[Life On The Mississippi by Mark Twain]@TWC D-Link book
Life On The Mississippi

CHAPTER 52 A Burning Brand
12/19

And take it by and large, it was without a compeer among swindles.

It was perfect, it was rounded, symmetrical, complete, colossal! The reader learns it at this point; but we didn't learn it till some miles and weeks beyond this stage of the affair.

My friend came back from the woods, and he and other clergymen and lay missionaries began once more to inundate audiences with their tears and the tears of said audiences; I begged hard for permission to print the letter in a magazine and tell the watery story of its triumphs; numbers of people got copies of the letter, with permission to circulate them in writing, but not in print; copies were sent to the Sandwich Islands and other far regions.
Charles Dudley Warner was at church, one day, when the worn letter was read and wept over.

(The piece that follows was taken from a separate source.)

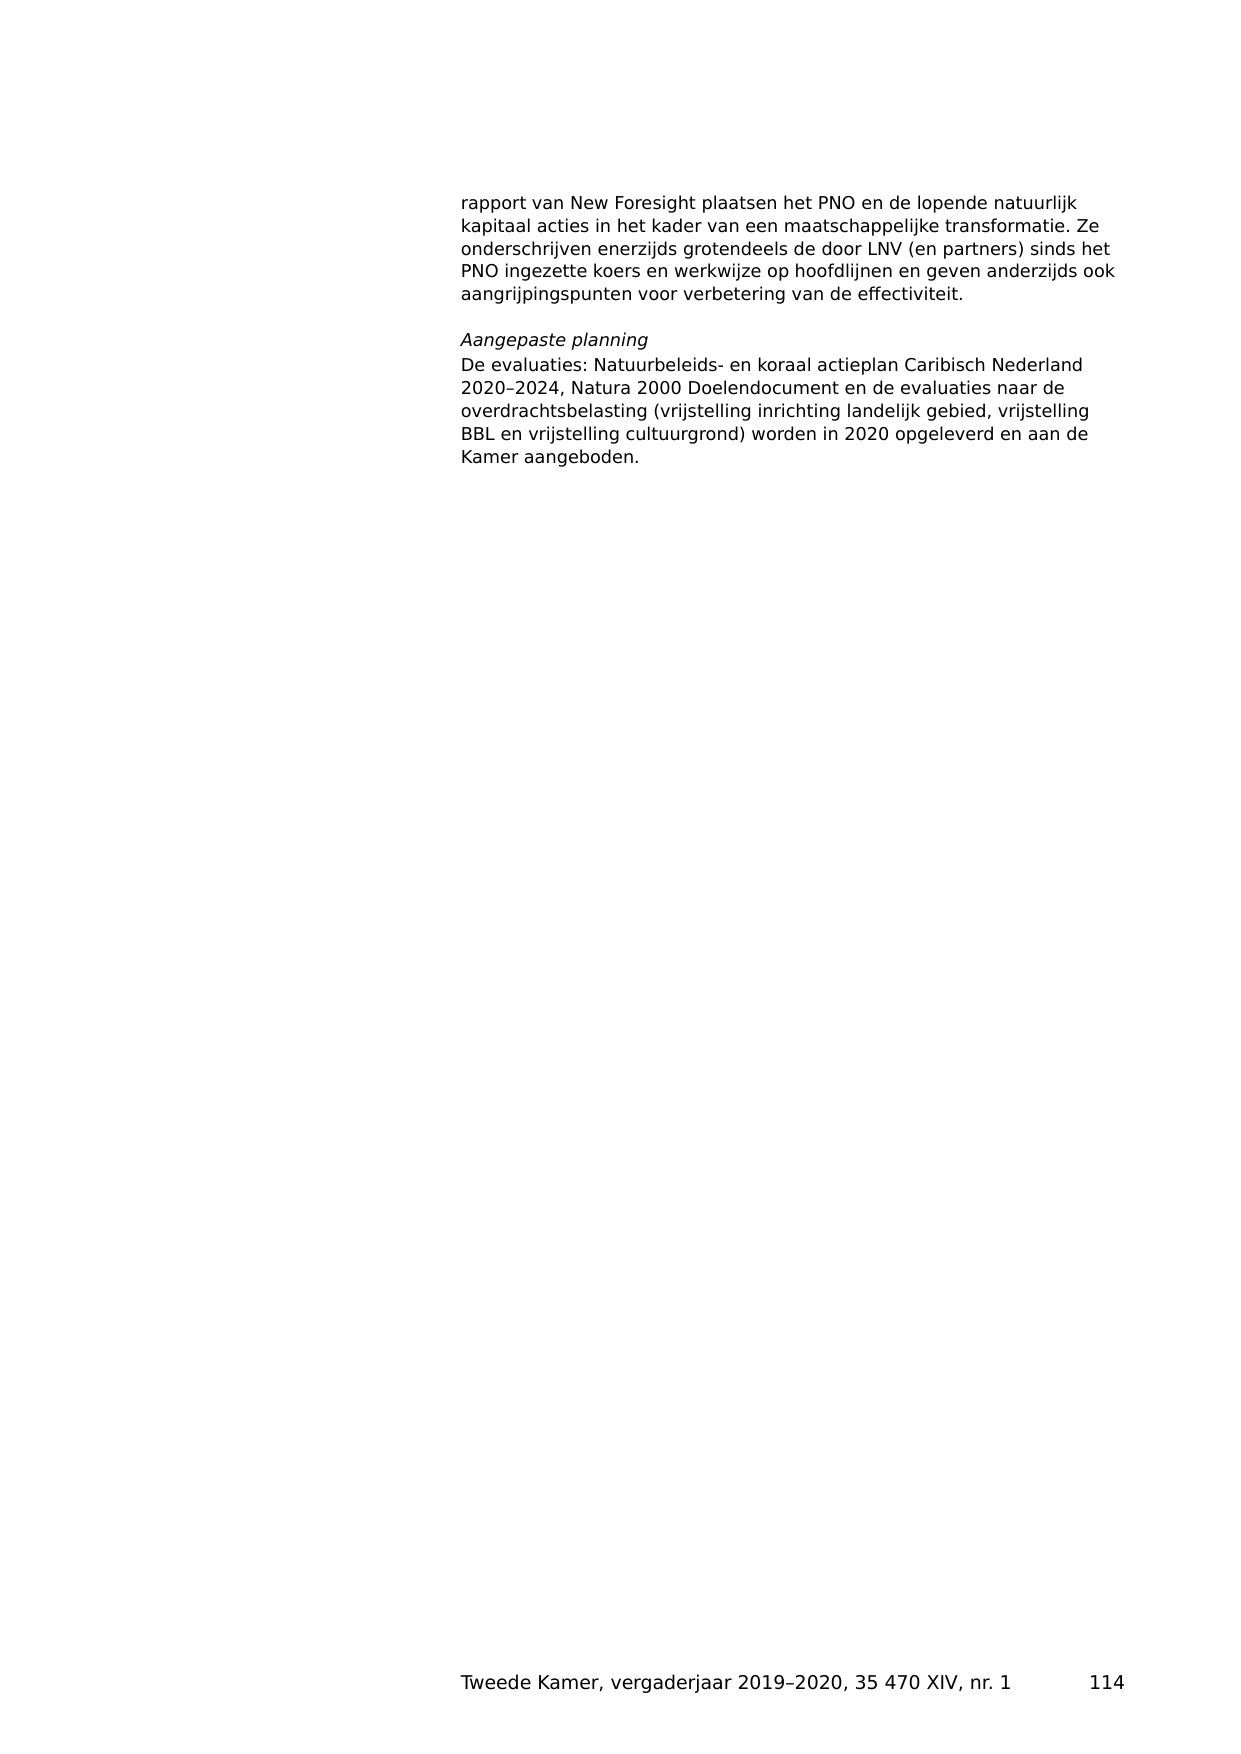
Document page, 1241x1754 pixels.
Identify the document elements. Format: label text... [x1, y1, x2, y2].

At the church door, afterward, he dropped a peculiarly cold iceberg down the clergyman's back with the question-- 'Do you know that letter to be genuine ?' It was the first suspicion that had ever been voiced; but it had that sickening effect which first-uttered suspicions against one's idol always have.

Some talk followed-- 'Why--what should make you suspect that it isn't genuine ?' 'Nothing that I know of, except that it is too neat, and compact, and fluent, and nicely put together for an ignorant person, an unpractised hand.